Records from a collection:
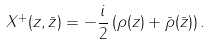Convert formula to latex. <formula><loc_0><loc_0><loc_500><loc_500>X ^ { + } ( z , \bar { z } ) = - \frac { i } { 2 } \left ( \rho ( z ) + \bar { \rho } ( \bar { z } ) \right ) .</formula> 
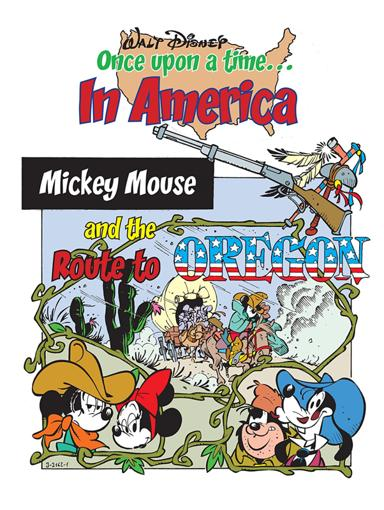What is mentioned in the image related to Disney? The image depicts a colorful poster titled 'Once upon a time in America, Mickey Mouse and the Route to Oregon.' It features iconic Disney characters like Mickey Mouse, Minnie Mouse, and Goofy, engaged in a whimsical depiction of a historical route to Oregon, highlighting Disney's creative take on American history. 
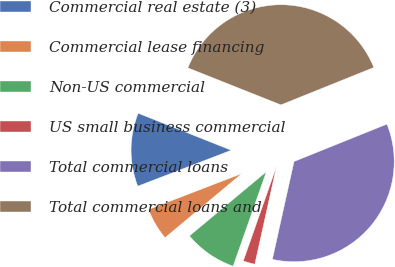Convert chart to OTSL. <chart><loc_0><loc_0><loc_500><loc_500><pie_chart><fcel>Commercial real estate (3)<fcel>Commercial lease financing<fcel>Non-US commercial<fcel>US small business commercial<fcel>Total commercial loans<fcel>Total commercial loans and<nl><fcel>11.87%<fcel>5.23%<fcel>8.55%<fcel>1.91%<fcel>34.57%<fcel>37.89%<nl></chart> 
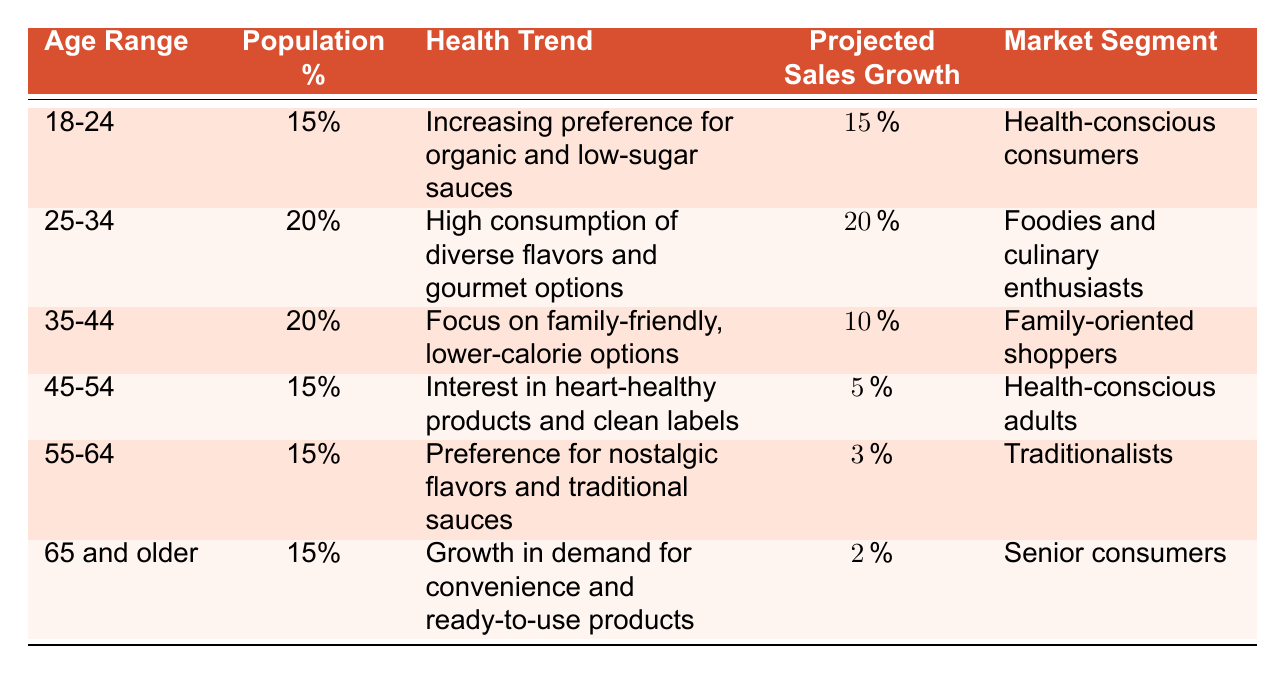What is the projected sales growth for the age group 18-24? The projected sales growth for the age group 18-24 is explicitly listed in the table as 15 percent.
Answer: 15 percent What health trend is associated with the age range 35-44? The table shows that the health trend for the age range 35-44 is a focus on family-friendly, lower-calorie options.
Answer: Focus on family-friendly, lower-calorie options Which age group has the highest projected sales growth? By comparing the projected sales growth values in the table, the 25-34 age group shows the highest growth at 20 percent.
Answer: 25-34 age group What is the total population percentage of the 45-54 and 55-64 age groups combined? The populations for the 45-54 and 55-64 age groups are 15 percent and 15 percent, respectively. Adding these gives a total of 15 + 15 = 30 percent.
Answer: 30 percent Is there a demographic trend for the 65 and older age group towards health-conscious options? The table indicates that the health trend for the 65 and older age group is centered on convenience and ready-to-use products, which suggests a lower focus on health-conscious options. Therefore, the statement is false.
Answer: No What percentage of the total population do the age groups 18-24 and 25-34 represent collectively? The table shows that the population percentage for 18-24 is 15 percent and for 25-34 is 20 percent. Combined, they total 15 + 20 = 35 percent.
Answer: 35 percent Is the projected sales growth for the traditionalists (55-64 age group) less than the growth for family-oriented shoppers (35-44 age group)? The projected sales growth for traditionalists is 3 percent, while for family-oriented shoppers, it is 10 percent. Since 3 is less than 10, the statement is true.
Answer: Yes Which market segment has the lowest projected sales growth? By reviewing the projected sales growth for each market segment, the senior consumers (65 and older) have the lowest projected sales growth at 2 percent.
Answer: Senior consumers What is the average projected sales growth across all age groups? Adding the projected sales growth percentages: 15 + 20 + 10 + 5 + 3 + 2 = 55. There are six age groups; thus, the average growth is 55 / 6 = approximately 9.17 percent.
Answer: 9.17 percent 
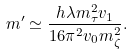Convert formula to latex. <formula><loc_0><loc_0><loc_500><loc_500>m ^ { \prime } \simeq { \frac { h \lambda m _ { \tau } ^ { 2 } v _ { 1 } } { 1 6 \pi ^ { 2 } v _ { 0 } m _ { \zeta } ^ { 2 } } } .</formula> 
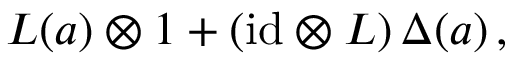Convert formula to latex. <formula><loc_0><loc_0><loc_500><loc_500>L ( a ) \otimes 1 + ( i d \otimes L ) \, \Delta ( a ) \, ,</formula>

• **EXERCISE AIM**: All lines from the one bearing "Answer: 9.17 percent" through the last line of the records, and only those, should be duplicated exactly; no picture belongs in the copy.

• **SOLUTION FOR THIS PROBLEM**:
Answer: 9.17 percent 
Convert formula to latex. <formula><loc_0><loc_0><loc_500><loc_500>m ^ { \prime } \simeq { \frac { h \lambda m _ { \tau } ^ { 2 } v _ { 1 } } { 1 6 \pi ^ { 2 } v _ { 0 } m _ { \zeta } ^ { 2 } } } .</formula> 
Convert formula to latex. <formula><loc_0><loc_0><loc_500><loc_500>L ( a ) \otimes 1 + ( i d \otimes L ) \, \Delta ( a ) \, ,</formula>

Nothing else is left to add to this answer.